GSK finally has the long-awaited FDA approval it sought for blood cancer drug Blenrep. Three years after the pharmaceutical giant pulled the multiple myeloma therapy from the market, the FDA approved the drug again. But the new Blenrep regulatory nod announced Thursday comes in a more limited way than GSK wanted and the drug is rejoining a market that has grown and changed since it left.
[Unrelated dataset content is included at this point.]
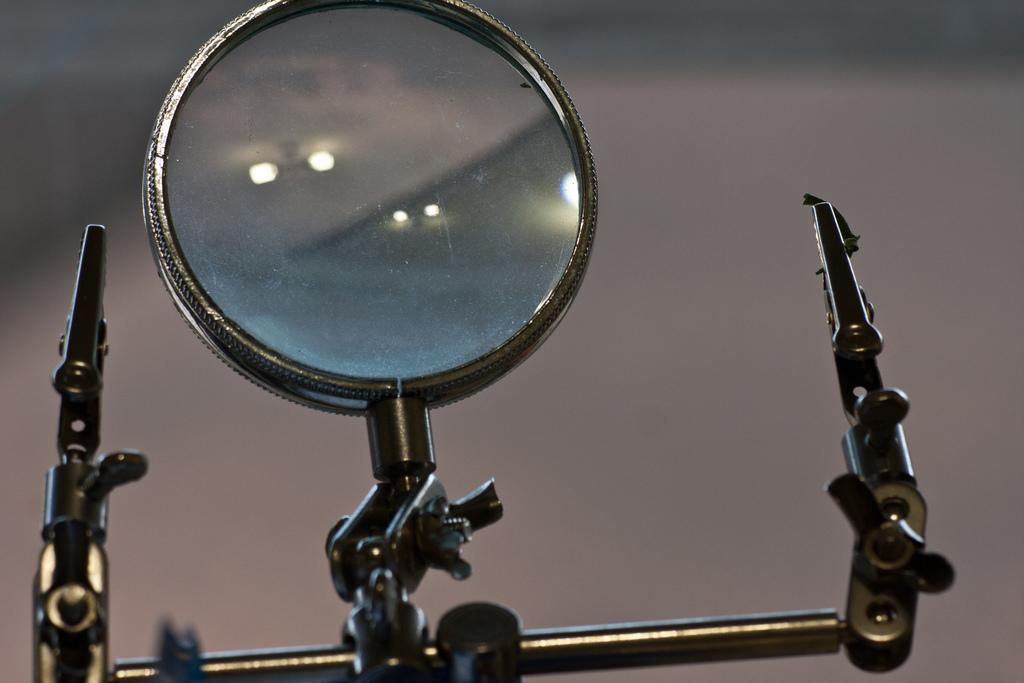What object is present in the image that can be used for reflection? There is a mirror in the image. How is the mirror positioned in the image? The mirror is on a stand. What can be observed about the background of the image? The background of the image is blurry. What can be seen in the mirror in the image? There are lights reflected in the mirror. What type of leather is being sold at the market in the image? There is no market or leather present in the image; it features a mirror on a stand with lights reflected in it.

Multiple myeloma is a blood cancer that develops in plasma cells, a type of white blood cell. Blenrep is an antibody drug conjugate (ADC) designed to target BCMA, a protein abundant on the surface of these cancerous cells. The FDA awarded Blenrep accelerated approval in 2020 as a fifth-line monotherapy for multiple myeloma. Two years later, Blenrep failed its confirmatory Phase 3 test. GSK withdrew the product from all markets globally, but continued clinical tests of the drug.
The new FDA submission for Blenrep was based on two new pivotal studies, one in combination with the Takeda Pharmaceutical multiple myeloma drug Velcade, and another one in combination with the Bristol Myers Squibb multiple myeloma drug Pomalyst. Both regimens were dosed with the dexamethasone, a corticosteroid. These Phase 3 studies, which evaluated the drug combinations as second-line or later treatments, achieved statistically significant and clinically meaningful results on the measure of progression-free survival.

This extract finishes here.